There are plenty more remedies out there, what are some you have tried?

Celebrating Black History Month with African American Medical Pioneers

To get Black History Month started, I decided to find some information on the pioneers in the medical field. I love that so many great accomplishments from my culture paved the way for later generations. I hope that one day I too can become a pioneer in my own right. I will continue to pay homage to those that came before me and appreciate their great works.

Dr. Daniel Hale Williams (1858–1931)

Known as the physician to perform the first successful open heart surgery, Dr. Williams became acutely aware of the lack of training for black doctors and nurses.

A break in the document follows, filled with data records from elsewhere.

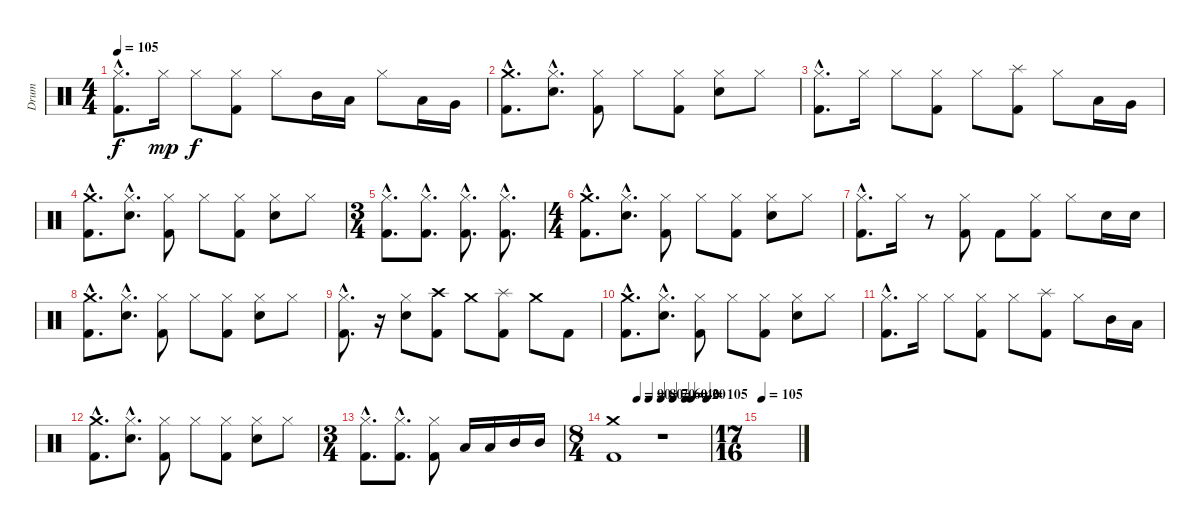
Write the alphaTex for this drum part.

\track ("Drum" "Drum") {instrument percussion}
\staff {score}
\articulation defaults
\ts (4 4)
\tempo 105
\clef neutral
\ks c
("Hi-Hat (closed)"{hac} "Kick (hit) 2"{hac}).8{d dy f} "Hi-Hat (closed)".16{dy mp} "Hi-Hat (closed)".8{dy f} ("Hi-Hat (closed)" "Kick (hit) 2").8 "Hi-Hat (closed)".8 "Mid Tom (hit)".16 "Low Tom (hit)".16 "Hi-Hat (closed)".8 "Low Tom (hit)".16 "Very Low Tom (hit)".16 |
("Crash medium (hit)"{hac} "Kick (hit) 2"{hac}).8{d} ("Hi-Hat (closed)"{hac} "Snare (hit) 2"{hac}).8{d} ("Hi-Hat (closed)" "Kick (hit) 2").8 "Hi-Hat (closed)".8 ("Hi-Hat (closed)" "Kick (hit) 2").8 ("Hi-Hat (closed)" "Snare (hit) 2").8 "Hi-Hat (closed)".8 |
("Hi-Hat (closed)"{hac} "Kick (hit) 2"{hac}).8{d} "Hi-Hat (closed)".16 "Hi-Hat (closed)".8 ("Hi-Hat (closed)" "Kick (hit) 2").8 "Hi-Hat (closed)".8 ("Splash (hit)" "Kick (hit) 2").8 "Hi-Hat (closed)".8 "Low Tom (hit)".16 "Very Low Tom (hit)".16 |
("Crash medium (hit)"{hac} "Kick (hit) 2"{hac}).8{d} ("Hi-Hat (closed)"{hac} "Snare (hit) 2"{hac}).8{d} ("Hi-Hat (closed)" "Kick (hit) 2").8 "Hi-Hat (closed)".8 ("Hi-Hat (closed)" "Kick (hit) 2").8 ("Hi-Hat (closed)" "Snare (hit) 2").8 "Hi-Hat (closed)".8 |
\ts (3 4)
("Hi-Hat (closed)"{hac} "Kick (hit) 2"{hac}).8{d} ("Hi-Hat (closed)"{hac} "Kick (hit) 2"{hac}).8{d} ("Hi-Hat (closed)"{hac} "Kick (hit) 2"{hac}).8{d} ("Hi-Hat (closed)"{hac} "Kick (hit) 2"{hac}).8{d} |
\ts (4 4)
("Crash medium (hit)"{hac} "Kick (hit) 2"{hac}).8{d} ("Hi-Hat (closed)"{hac} "Snare (hit) 2"{hac}).8{d} ("Hi-Hat (closed)" "Kick (hit) 2").8 "Hi-Hat (closed)".8 ("Hi-Hat (closed)" "Kick (hit) 2").8 ("Hi-Hat (closed)" "Snare (hit) 2").8 "Hi-Hat (closed)".8 |
("Hi-Hat (closed)"{hac} "Kick (hit) 2"{hac}).8{d} "Hi-Hat (closed)".16 r.8 ("Hi-Hat (closed)" "Kick (hit) 2").8 "Kick (hit) 2".8 ("Hi-Hat (closed)" "Kick (hit) 2").8 "Hi-Hat (closed)".8 "Snare (hit) 2".16 "Snare (hit) 2".16 |
("Crash medium (hit)"{hac} "Kick (hit) 2"{hac}).8{d} ("Hi-Hat (closed)"{hac} "Snare (hit) 2"{hac}).8{d} ("Hi-Hat (closed)" "Kick (hit) 2").8 "Hi-Hat (closed)".8 ("Hi-Hat (closed)" "Kick (hit) 2").8 ("Hi-Hat (closed)" "Snare (hit) 2").8 "Hi-Hat (closed)".8 |
("Hi-Hat (closed)"{hac} "Kick (hit) 2"{hac}).8{d} r.16 ("Hi-Hat (closed)" "Snare (hit) 2").8 ("Crash high (hit)" "Kick (hit) 2").8 "Crash medium (hit)".8 ("Splash (hit)" "Kick (hit) 2").8 "Crash medium (hit)".8 "Kick (hit) 2".8 |
("Crash medium (hit)"{hac} "Kick (hit) 2"{hac}).8{d} ("Hi-Hat (closed)"{hac} "Snare (hit) 2"{hac}).8{d} ("Hi-Hat (closed)" "Kick (hit) 2").8 "Hi-Hat (closed)".8 ("Hi-Hat (closed)" "Kick (hit) 2").8 ("Hi-Hat (closed)" "Snare (hit) 2").8 "Hi-Hat (closed)".8 |
("Hi-Hat (closed)"{hac} "Kick (hit) 2"{hac}).8{d} "Hi-Hat (closed)".16 "Hi-Hat (closed)".8 ("Hi-Hat (closed)" "Kick (hit) 2").8 "Hi-Hat (closed)".8 ("Splash (hit)" "Kick (hit) 2").8 "Hi-Hat (closed)".8 "Mid Tom (hit)".16 "Low Tom (hit)".16 |
("Crash medium (hit)"{hac} "Kick (hit) 2"{hac}).8{d} ("Hi-Hat (closed)"{hac} "Snare (hit) 2"{hac}).8{d} ("Hi-Hat (closed)" "Kick (hit) 2").8 "Hi-Hat (closed)".8 ("Hi-Hat (closed)" "Kick (hit) 2").8 ("Hi-Hat (closed)" "Snare (hit) 2").8 "Hi-Hat (closed)".8 |
\ts (3 4)
("Hi-Hat (closed)"{hac} "Kick (hit) 2"{hac}).8{d} ("Hi-Hat (closed)"{hac} "Kick (hit) 2"{hac}).8{d} ("Hi-Hat (closed)" "Kick (hit) 2").8 "Low Tom (hit)".16 "Low Tom (hit)".16 "Mid Tom (hit)".16 "Mid Tom (hit)".16 |
\ts (8 4)
\tempo (90 0.25)
\tempo (80 0.375)
\tempo (70 0.5)
\tempo (60 0.625)
\tempo (40 0.75)
\tempo (20 0.8125)
\tempo (105 0.96875)
("Crash medium (hit)" "Kick (hit) 2").1 r.1 |
\ts (17 16)
\tempo 105

As a result, he organized the first black-owned hospital in the United States, Provident Hospital and Training School for Nurses, in 1891. (source)

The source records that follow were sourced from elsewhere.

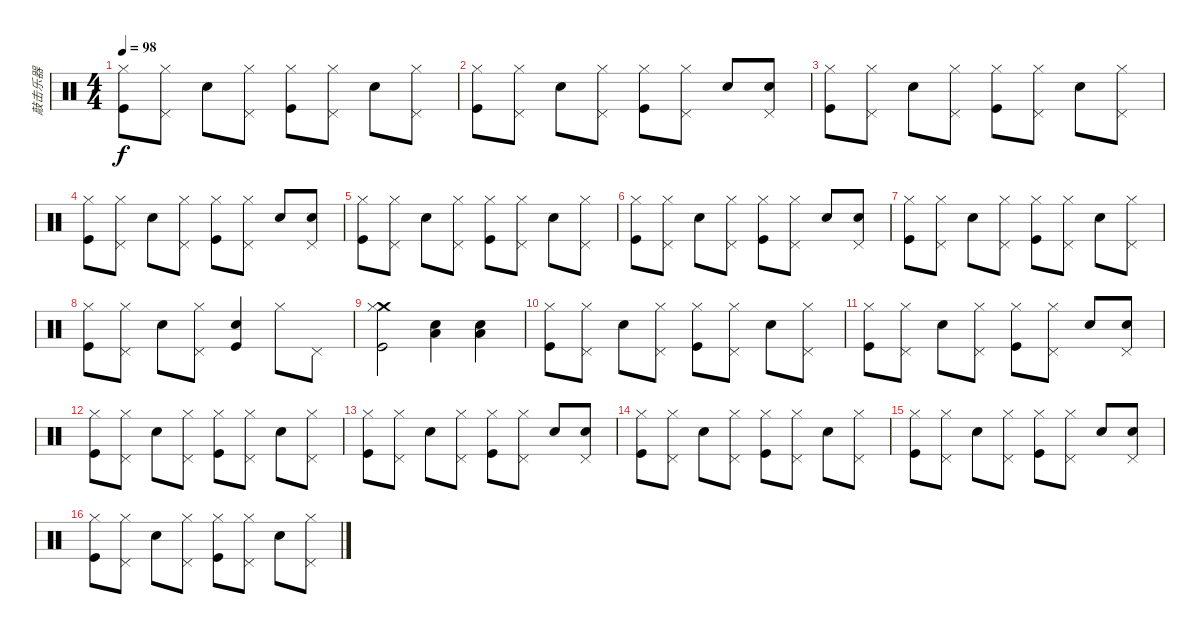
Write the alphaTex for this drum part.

\track ("敲击乐器" "敲击乐器") {instrument percussion}
\staff {score}
\articulation defaults
\ts (4 4)
\tempo 98
\clef neutral
\ks c
("Hi-Hat (closed)" "Kick (hit)").8{dy f} ("Pedal Hi-Hat (hit)" "Hi-Hat (closed)").8 "Snare (hit) 2".8 ("Pedal Hi-Hat (hit)" "Hi-Hat (closed)").8 ("Hi-Hat (closed)" "Kick (hit)").8 ("Pedal Hi-Hat (hit)" "Hi-Hat (closed)").8 "Snare (hit) 2".8 ("Pedal Hi-Hat (hit)" "Hi-Hat (closed)").8 |
("Hi-Hat (closed)" "Kick (hit)").8 ("Pedal Hi-Hat (hit)" "Hi-Hat (closed)").8 "Snare (hit) 2".8 ("Pedal Hi-Hat (hit)" "Hi-Hat (closed)").8 ("Hi-Hat (closed)" "Kick (hit)").8 ("Pedal Hi-Hat (hit)" "Hi-Hat (closed)").8 "Snare (hit) 2".8 ("Pedal Hi-Hat (hit)" "Snare (hit) 2").8 |
("Hi-Hat (closed)" "Kick (hit)").8 ("Pedal Hi-Hat (hit)" "Hi-Hat (closed)").8 "Snare (hit) 2".8 ("Pedal Hi-Hat (hit)" "Hi-Hat (closed)").8 ("Hi-Hat (closed)" "Kick (hit)").8 ("Pedal Hi-Hat (hit)" "Hi-Hat (closed)").8 "Snare (hit) 2".8 ("Pedal Hi-Hat (hit)" "Hi-Hat (closed)").8 |
("Hi-Hat (closed)" "Kick (hit)").8 ("Pedal Hi-Hat (hit)" "Hi-Hat (closed)").8 "Snare (hit) 2".8 ("Pedal Hi-Hat (hit)" "Hi-Hat (closed)").8 ("Hi-Hat (closed)" "Kick (hit)").8 ("Pedal Hi-Hat (hit)" "Hi-Hat (closed)").8 "Snare (hit) 2".8 ("Pedal Hi-Hat (hit)" "Snare (hit) 2").8 |
("Hi-Hat (closed)" "Kick (hit)").8 ("Pedal Hi-Hat (hit)" "Hi-Hat (closed)").8 "Snare (hit) 2".8 ("Pedal Hi-Hat (hit)" "Hi-Hat (closed)").8 ("Hi-Hat (closed)" "Kick (hit)").8 ("Pedal Hi-Hat (hit)" "Hi-Hat (closed)").8 "Snare (hit) 2".8 ("Pedal Hi-Hat (hit)" "Hi-Hat (closed)").8 |
("Hi-Hat (closed)" "Kick (hit)").8 ("Pedal Hi-Hat (hit)" "Hi-Hat (closed)").8 "Snare (hit) 2".8 ("Pedal Hi-Hat (hit)" "Hi-Hat (closed)").8 ("Hi-Hat (closed)" "Kick (hit)").8 ("Pedal Hi-Hat (hit)" "Hi-Hat (closed)").8 "Snare (hit) 2".8 ("Pedal Hi-Hat (hit)" "Snare (hit) 2").8 |
("Hi-Hat (closed)" "Kick (hit)").8 ("Pedal Hi-Hat (hit)" "Hi-Hat (closed)").8 "Snare (hit) 2".8 ("Pedal Hi-Hat (hit)" "Hi-Hat (closed)").8 ("Hi-Hat (closed)" "Kick (hit)").8 ("Pedal Hi-Hat (hit)" "Hi-Hat (closed)").8 "Snare (hit) 2".8 ("Pedal Hi-Hat (hit)" "Hi-Hat (closed)").8 |
("Hi-Hat (closed)" "Kick (hit)").8 ("Pedal Hi-Hat (hit)" "Hi-Hat (closed)").8 "Snare (hit) 2".8 ("Pedal Hi-Hat (hit)" "Hi-Hat (closed)").8 ("Snare (hit) 2" "Kick (hit)").4 "Hi-Hat (closed)".8 "Pedal Hi-Hat (hit)".8 |
("Crash medium (hit)" "Hi-Hat (closed)" "Kick (hit)").2 ("Low Floor Tom (hit)" "Snare (hit) 2").4 ("Low Floor Tom (hit)" "Snare (hit) 2").4 |
("Hi-Hat (closed)" "Kick (hit)").8 ("Pedal Hi-Hat (hit)" "Hi-Hat (closed)").8 "Snare (hit) 2".8 ("Pedal Hi-Hat (hit)" "Hi-Hat (closed)").8 ("Hi-Hat (closed)" "Kick (hit)").8 ("Pedal Hi-Hat (hit)" "Hi-Hat (closed)").8 "Snare (hit) 2".8 ("Pedal Hi-Hat (hit)" "Hi-Hat (closed)").8 |
("Hi-Hat (closed)" "Kick (hit)").8 ("Pedal Hi-Hat (hit)" "Hi-Hat (closed)").8 "Snare (hit) 2".8 ("Pedal Hi-Hat (hit)" "Hi-Hat (closed)").8 ("Hi-Hat (closed)" "Kick (hit)").8 ("Pedal Hi-Hat (hit)" "Hi-Hat (closed)").8 "Snare (hit) 2".8 ("Pedal Hi-Hat (hit)" "Snare (hit) 2").8 |
("Hi-Hat (closed)" "Kick (hit)").8 ("Pedal Hi-Hat (hit)" "Hi-Hat (closed)").8 "Snare (hit) 2".8 ("Pedal Hi-Hat (hit)" "Hi-Hat (closed)").8 ("Hi-Hat (closed)" "Kick (hit)").8 ("Pedal Hi-Hat (hit)" "Hi-Hat (closed)").8 "Snare (hit) 2".8 ("Pedal Hi-Hat (hit)" "Hi-Hat (closed)").8 |
("Hi-Hat (closed)" "Kick (hit)").8 ("Pedal Hi-Hat (hit)" "Hi-Hat (closed)").8 "Snare (hit) 2".8 ("Pedal Hi-Hat (hit)" "Hi-Hat (closed)").8 ("Hi-Hat (closed)" "Kick (hit)").8 ("Pedal Hi-Hat (hit)" "Hi-Hat (closed)").8 "Snare (hit) 2".8 ("Pedal Hi-Hat (hit)" "Snare (hit) 2").8 |
("Hi-Hat (closed)" "Kick (hit)").8 ("Pedal Hi-Hat (hit)" "Hi-Hat (closed)").8 "Snare (hit) 2".8 ("Pedal Hi-Hat (hit)" "Hi-Hat (closed)").8 ("Hi-Hat (closed)" "Kick (hit)").8 ("Pedal Hi-Hat (hit)" "Hi-Hat (closed)").8 "Snare (hit) 2".8 ("Pedal Hi-Hat (hit)" "Hi-Hat (closed)").8 |
("Hi-Hat (closed)" "Kick (hit)").8 ("Pedal Hi-Hat (hit)" "Hi-Hat (closed)").8 "Snare (hit) 2".8 ("Pedal Hi-Hat (hit)" "Hi-Hat (closed)").8 ("Hi-Hat (closed)" "Kick (hit)").8 ("Pedal Hi-Hat (hit)" "Hi-Hat (closed)").8 "Snare (hit) 2".8 ("Pedal Hi-Hat (hit)" "Snare (hit) 2").8 |
("Hi-Hat (closed)" "Kick (hit)").8 ("Pedal Hi-Hat (hit)" "Hi-Hat (closed)").8 "Snare (hit) 2".8 ("Pedal Hi-Hat (hit)" "Hi-Hat (closed)").8 ("Hi-Hat (closed)" "Kick (hit)").8 ("Pedal Hi-Hat (hit)" "Hi-Hat (closed)").8 "Snare (hit) 2".8 ("Pedal Hi-Hat (hit)" "Hi-Hat (closed)").8

Mary Eliza Mahoney (1845-1926)

After working at the New England Hospital for Women and Children Training School for Nurses for 15 years, Mahoney was finally accepted into the school in 1879. She became the first professionally trained black nurse in America and went on to advocate for race equality in the medical field. (source)

Dr. William Augustus Hinton (1883-1959)

Born to former slaves, Dr. Hinton attended the three-year, pre-medicine program at University of Kansas. He completed the program in two years and transferred to Harvard University, where he earned his Bachelor of Science degree in 1905. After teaching for several years, Dr. Hinton enrolled in Harvard’s medical school and eventually became the first black instructor at the prestigious university, where he taught bacteriology and immunology for more than 30 years. He became internationally recognized for his work on the detection and vaccination of syphilis, known as the “Hinton Test”. Dr. Hinton published the first African American textbook, Syphilis and Its Treatment, in 1936. (source)

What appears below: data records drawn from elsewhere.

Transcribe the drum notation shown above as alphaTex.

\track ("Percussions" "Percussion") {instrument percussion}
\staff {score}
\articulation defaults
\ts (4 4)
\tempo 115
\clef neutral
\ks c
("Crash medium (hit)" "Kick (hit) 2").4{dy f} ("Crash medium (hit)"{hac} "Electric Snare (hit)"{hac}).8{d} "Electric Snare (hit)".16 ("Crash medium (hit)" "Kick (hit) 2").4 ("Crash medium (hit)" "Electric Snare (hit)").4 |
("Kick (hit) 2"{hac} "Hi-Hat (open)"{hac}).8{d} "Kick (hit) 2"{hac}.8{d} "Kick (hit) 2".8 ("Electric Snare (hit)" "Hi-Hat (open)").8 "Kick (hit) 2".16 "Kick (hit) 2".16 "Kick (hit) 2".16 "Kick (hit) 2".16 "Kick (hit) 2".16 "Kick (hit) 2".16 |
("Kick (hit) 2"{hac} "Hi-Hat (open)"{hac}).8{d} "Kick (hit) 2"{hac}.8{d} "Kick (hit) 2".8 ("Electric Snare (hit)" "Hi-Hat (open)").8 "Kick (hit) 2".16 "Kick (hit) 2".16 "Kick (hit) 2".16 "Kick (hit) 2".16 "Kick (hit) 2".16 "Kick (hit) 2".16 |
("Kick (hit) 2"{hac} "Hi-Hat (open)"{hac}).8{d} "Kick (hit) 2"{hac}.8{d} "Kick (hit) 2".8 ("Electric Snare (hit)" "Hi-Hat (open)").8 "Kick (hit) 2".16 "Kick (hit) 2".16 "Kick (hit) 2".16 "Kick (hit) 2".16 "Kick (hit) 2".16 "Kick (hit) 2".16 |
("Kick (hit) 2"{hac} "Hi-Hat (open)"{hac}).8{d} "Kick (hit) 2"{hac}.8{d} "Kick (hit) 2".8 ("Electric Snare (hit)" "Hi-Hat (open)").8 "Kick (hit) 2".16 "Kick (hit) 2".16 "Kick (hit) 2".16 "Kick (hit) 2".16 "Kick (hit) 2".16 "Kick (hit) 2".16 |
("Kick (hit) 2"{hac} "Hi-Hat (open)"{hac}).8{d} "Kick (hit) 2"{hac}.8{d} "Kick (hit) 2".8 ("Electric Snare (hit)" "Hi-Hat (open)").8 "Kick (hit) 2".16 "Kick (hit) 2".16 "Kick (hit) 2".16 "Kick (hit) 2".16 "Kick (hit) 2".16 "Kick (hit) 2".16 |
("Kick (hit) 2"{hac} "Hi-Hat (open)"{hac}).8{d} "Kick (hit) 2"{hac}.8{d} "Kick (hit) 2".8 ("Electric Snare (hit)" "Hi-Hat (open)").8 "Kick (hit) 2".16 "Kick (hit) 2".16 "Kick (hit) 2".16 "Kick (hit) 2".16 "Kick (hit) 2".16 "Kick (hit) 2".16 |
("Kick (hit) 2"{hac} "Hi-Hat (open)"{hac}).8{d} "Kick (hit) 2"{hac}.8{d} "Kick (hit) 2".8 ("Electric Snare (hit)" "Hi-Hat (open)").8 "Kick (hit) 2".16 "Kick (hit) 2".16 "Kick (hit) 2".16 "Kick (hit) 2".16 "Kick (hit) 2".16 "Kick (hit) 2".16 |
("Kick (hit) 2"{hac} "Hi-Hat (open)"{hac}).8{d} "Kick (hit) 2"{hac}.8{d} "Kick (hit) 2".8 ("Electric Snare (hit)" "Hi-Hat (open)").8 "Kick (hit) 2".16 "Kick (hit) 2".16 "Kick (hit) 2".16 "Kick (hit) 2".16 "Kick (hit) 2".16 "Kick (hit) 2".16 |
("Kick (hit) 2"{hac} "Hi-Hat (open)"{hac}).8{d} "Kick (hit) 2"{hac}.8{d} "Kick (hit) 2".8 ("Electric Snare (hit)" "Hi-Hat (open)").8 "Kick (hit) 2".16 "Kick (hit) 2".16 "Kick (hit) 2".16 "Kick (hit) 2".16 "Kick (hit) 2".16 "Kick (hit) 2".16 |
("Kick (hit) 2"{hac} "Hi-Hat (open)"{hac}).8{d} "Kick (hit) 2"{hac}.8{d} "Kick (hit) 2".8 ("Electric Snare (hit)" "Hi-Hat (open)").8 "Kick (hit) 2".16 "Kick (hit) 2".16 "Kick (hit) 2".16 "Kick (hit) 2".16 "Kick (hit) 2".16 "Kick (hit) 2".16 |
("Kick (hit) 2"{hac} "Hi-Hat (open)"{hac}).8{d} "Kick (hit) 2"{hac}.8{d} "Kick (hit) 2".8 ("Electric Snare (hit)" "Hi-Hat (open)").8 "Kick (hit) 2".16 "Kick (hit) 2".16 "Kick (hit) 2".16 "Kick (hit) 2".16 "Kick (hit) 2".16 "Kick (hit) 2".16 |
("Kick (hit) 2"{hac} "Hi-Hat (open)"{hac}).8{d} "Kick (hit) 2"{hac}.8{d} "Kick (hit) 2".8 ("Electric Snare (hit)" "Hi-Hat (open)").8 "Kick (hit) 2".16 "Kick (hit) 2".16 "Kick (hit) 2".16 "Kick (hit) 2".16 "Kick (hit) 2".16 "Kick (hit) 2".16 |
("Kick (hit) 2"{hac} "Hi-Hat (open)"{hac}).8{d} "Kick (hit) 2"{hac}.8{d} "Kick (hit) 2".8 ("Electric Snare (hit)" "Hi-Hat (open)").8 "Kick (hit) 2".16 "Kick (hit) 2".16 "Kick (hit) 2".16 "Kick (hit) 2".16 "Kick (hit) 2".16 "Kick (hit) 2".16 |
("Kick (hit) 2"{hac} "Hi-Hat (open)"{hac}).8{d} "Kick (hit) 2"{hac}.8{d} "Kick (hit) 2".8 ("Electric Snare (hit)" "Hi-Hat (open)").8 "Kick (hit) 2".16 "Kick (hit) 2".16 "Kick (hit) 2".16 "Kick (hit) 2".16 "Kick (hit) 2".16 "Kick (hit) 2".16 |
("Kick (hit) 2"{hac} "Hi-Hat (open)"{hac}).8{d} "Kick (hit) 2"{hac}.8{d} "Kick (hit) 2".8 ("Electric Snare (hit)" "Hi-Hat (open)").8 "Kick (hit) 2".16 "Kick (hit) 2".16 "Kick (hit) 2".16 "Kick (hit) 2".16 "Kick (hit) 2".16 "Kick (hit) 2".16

Dr. Rebecca Lee Crumpler (1831-1895)

Frequently recognized at the first African American women to earn a Doctor of Science degree, Rebecca Lee Crumpler, M.D, graduated in 1863 from the New England Female Medical College. “She devoted her life to improving health in the black community through research and clinical work. When the Civil War ended, she realized that whole communities of newly-freed blacks in the South would urgently need medical care,” according to PBS.

Dr. Charles Drew (1904-1950)

During World War II, Dr. Drew “forged a new understanding of blood plasma that allowed blood to be stored for transfusions,” according to PBS. He was also the first director of the American Red Cross Blood Bank.

So many more advancements and medical milestones are attributed to African Americans and include these contemporary pioneers:

  • Dr. Benjamin Carson became the first African-American neurosurgeon to separate conjoined twins.
  • Dr. Jocelyn Elders became the first Black Surgeon General of the US in 1993.
  • Dr. David Satcher became the first Black to head the CDC in 1993.

IU Health, a unique partnership with Indiana University School of Medicine, one of the nation’s leading medical schools, honors the accomplishments of these medical professionals whose lessons are still taught today.